(Data extracted from a collection)
□ □ □
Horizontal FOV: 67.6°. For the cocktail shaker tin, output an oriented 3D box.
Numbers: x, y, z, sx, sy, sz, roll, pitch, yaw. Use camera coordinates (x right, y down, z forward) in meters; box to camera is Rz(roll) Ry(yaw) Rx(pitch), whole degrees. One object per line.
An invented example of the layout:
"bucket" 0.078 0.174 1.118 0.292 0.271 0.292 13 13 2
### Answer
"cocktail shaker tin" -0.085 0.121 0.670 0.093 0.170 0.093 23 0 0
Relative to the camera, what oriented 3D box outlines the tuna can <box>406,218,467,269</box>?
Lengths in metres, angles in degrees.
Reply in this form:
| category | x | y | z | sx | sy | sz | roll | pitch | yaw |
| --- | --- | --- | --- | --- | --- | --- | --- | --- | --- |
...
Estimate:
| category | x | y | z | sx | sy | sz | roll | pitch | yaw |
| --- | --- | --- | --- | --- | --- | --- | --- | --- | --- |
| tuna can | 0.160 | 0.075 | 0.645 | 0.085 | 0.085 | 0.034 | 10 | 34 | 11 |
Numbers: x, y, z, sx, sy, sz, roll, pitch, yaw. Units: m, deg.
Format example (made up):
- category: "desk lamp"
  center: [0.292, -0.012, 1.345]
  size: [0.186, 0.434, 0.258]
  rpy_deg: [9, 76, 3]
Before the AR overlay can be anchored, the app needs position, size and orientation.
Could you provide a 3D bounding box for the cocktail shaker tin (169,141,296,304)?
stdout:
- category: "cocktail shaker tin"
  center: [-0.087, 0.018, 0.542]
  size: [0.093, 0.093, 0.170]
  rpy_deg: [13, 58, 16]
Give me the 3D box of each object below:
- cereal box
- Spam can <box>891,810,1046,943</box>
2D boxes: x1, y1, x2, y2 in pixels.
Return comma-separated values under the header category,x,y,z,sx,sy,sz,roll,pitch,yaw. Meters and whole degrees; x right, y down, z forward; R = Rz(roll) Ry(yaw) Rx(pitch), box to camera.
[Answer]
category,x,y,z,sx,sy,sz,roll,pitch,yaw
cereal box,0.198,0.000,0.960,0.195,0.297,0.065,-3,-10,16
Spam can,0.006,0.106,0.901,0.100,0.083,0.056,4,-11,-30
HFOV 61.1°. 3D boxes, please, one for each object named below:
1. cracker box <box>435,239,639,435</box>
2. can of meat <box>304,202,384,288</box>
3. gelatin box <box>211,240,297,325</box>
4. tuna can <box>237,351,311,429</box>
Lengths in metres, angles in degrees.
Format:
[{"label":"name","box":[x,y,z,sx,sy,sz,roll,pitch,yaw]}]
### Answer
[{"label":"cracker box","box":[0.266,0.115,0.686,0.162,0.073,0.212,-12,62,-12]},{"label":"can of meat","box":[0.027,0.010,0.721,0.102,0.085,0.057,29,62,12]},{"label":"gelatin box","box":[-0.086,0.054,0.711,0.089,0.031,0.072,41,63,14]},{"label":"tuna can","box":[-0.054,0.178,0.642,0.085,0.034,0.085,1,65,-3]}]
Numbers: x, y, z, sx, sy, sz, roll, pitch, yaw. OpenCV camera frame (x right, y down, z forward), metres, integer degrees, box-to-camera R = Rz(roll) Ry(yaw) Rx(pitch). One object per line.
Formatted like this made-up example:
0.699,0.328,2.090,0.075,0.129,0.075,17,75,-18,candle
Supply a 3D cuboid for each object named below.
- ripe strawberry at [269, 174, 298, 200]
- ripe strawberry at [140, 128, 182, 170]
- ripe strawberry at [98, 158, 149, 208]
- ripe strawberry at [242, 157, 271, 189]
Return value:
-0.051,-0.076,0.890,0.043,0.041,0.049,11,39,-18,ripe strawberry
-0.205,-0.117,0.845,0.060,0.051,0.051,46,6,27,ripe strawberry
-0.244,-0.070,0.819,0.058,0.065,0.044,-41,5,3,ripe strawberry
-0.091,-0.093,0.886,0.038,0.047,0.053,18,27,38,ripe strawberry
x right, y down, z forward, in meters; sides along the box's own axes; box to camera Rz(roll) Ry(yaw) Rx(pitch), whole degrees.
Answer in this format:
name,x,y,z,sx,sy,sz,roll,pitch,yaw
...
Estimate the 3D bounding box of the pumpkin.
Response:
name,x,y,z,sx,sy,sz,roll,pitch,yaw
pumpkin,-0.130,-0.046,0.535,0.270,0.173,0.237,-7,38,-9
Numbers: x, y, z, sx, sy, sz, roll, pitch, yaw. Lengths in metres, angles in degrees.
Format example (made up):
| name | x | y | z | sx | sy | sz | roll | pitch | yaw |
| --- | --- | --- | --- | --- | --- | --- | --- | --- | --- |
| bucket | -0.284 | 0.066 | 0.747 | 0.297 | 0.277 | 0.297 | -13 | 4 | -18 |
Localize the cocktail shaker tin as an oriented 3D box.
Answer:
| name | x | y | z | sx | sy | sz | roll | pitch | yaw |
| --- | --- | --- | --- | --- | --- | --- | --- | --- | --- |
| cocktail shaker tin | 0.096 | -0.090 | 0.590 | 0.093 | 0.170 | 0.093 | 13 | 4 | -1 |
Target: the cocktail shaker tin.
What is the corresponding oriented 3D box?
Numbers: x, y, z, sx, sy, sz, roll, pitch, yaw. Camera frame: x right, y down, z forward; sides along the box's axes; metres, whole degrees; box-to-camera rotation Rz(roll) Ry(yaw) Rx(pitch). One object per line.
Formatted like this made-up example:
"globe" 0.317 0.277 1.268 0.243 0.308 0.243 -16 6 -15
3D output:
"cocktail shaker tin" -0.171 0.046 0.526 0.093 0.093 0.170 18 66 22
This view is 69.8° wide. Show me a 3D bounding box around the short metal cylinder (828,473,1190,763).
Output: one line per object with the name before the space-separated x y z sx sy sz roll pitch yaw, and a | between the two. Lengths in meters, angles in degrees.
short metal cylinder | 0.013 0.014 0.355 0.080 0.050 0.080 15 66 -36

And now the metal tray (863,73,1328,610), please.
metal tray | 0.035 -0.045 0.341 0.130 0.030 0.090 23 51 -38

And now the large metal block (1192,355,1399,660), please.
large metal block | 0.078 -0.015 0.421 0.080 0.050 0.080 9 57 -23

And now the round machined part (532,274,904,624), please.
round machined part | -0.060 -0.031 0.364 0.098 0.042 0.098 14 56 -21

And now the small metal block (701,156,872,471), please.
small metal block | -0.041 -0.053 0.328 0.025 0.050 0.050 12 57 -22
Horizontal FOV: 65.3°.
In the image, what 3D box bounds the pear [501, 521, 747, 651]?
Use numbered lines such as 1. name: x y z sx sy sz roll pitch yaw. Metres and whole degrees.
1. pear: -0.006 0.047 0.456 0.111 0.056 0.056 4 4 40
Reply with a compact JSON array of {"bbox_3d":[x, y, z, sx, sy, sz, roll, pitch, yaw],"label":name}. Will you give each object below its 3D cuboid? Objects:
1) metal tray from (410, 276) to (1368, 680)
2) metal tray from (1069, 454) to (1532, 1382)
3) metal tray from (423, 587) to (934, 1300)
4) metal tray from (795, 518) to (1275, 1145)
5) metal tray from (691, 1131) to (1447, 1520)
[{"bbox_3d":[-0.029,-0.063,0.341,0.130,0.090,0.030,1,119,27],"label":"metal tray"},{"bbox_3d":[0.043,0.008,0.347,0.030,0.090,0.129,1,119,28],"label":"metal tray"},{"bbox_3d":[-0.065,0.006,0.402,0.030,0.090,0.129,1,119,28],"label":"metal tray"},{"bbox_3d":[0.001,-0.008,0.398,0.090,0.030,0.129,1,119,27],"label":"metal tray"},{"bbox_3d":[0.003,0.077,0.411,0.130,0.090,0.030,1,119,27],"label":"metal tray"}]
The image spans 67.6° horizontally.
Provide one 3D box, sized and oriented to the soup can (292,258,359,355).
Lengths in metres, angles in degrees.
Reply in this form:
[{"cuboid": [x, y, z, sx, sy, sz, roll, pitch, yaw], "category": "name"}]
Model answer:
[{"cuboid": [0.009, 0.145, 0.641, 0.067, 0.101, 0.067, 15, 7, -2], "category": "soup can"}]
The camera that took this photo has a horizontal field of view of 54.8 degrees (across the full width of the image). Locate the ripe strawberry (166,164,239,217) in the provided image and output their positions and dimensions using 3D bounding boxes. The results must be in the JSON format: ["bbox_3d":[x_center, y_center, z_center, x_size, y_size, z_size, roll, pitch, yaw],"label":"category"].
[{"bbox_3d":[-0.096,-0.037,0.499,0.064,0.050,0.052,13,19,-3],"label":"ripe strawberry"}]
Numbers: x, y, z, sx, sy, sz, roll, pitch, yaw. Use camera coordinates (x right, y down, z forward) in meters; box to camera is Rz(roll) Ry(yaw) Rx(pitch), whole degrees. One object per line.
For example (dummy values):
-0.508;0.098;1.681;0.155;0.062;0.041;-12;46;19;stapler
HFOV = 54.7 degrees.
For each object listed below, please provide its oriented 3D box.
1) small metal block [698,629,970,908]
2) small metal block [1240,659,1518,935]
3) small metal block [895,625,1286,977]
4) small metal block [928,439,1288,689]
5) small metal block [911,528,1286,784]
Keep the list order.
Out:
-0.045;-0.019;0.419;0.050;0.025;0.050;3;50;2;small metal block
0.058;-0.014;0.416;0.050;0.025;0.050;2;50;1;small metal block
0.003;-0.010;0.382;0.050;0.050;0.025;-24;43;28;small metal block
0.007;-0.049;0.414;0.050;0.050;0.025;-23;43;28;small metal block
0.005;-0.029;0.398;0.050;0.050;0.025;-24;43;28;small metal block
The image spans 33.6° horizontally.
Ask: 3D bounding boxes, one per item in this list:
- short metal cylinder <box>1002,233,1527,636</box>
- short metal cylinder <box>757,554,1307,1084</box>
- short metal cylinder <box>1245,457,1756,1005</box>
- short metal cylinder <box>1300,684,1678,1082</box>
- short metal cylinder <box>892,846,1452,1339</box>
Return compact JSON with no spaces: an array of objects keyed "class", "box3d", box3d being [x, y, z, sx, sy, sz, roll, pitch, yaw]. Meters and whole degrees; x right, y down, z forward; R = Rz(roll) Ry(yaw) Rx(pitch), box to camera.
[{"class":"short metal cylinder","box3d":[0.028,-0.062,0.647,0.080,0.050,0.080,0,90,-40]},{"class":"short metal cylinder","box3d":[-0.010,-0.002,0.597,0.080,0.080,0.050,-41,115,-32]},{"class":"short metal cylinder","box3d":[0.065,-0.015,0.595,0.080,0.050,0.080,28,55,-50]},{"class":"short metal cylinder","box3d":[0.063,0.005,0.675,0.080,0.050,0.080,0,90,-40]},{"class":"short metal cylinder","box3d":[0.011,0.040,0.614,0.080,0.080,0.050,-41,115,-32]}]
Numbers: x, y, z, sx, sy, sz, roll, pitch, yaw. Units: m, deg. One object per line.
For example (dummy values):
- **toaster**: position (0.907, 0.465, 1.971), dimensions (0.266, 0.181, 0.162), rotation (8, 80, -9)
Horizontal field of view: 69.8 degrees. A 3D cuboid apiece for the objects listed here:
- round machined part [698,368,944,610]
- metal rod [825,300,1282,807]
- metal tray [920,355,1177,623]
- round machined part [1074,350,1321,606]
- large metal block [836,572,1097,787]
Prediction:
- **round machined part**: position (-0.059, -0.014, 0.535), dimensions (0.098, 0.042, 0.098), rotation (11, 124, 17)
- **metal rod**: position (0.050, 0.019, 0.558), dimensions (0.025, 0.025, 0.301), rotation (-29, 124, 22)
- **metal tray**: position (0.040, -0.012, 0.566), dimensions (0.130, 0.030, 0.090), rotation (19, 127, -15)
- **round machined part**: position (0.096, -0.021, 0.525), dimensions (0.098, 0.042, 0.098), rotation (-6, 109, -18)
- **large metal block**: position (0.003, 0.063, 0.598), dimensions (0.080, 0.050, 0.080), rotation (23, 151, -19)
□ □ □
◆ Activity
The answer is the run of lines above from the line containing "What is the corresponding oriented 3D box?" through the line containing "0.243 -16 6 -15", copied exactly and alone.

◆ Exercise result
What is the corresponding oriented 3D box?
Numbers: x, y, z, sx, sy, sz, roll, pitch, yaw. Camera frame: x right, y down, z forward; sides along the box's axes; metres, whole degrees; box-to-camera rotation Rz(roll) Ry(yaw) Rx(pitch). One object per line.
Formatted like this made-up example:
"globe" 0.317 0.277 1.268 0.243 0.308 0.243 -16 6 -15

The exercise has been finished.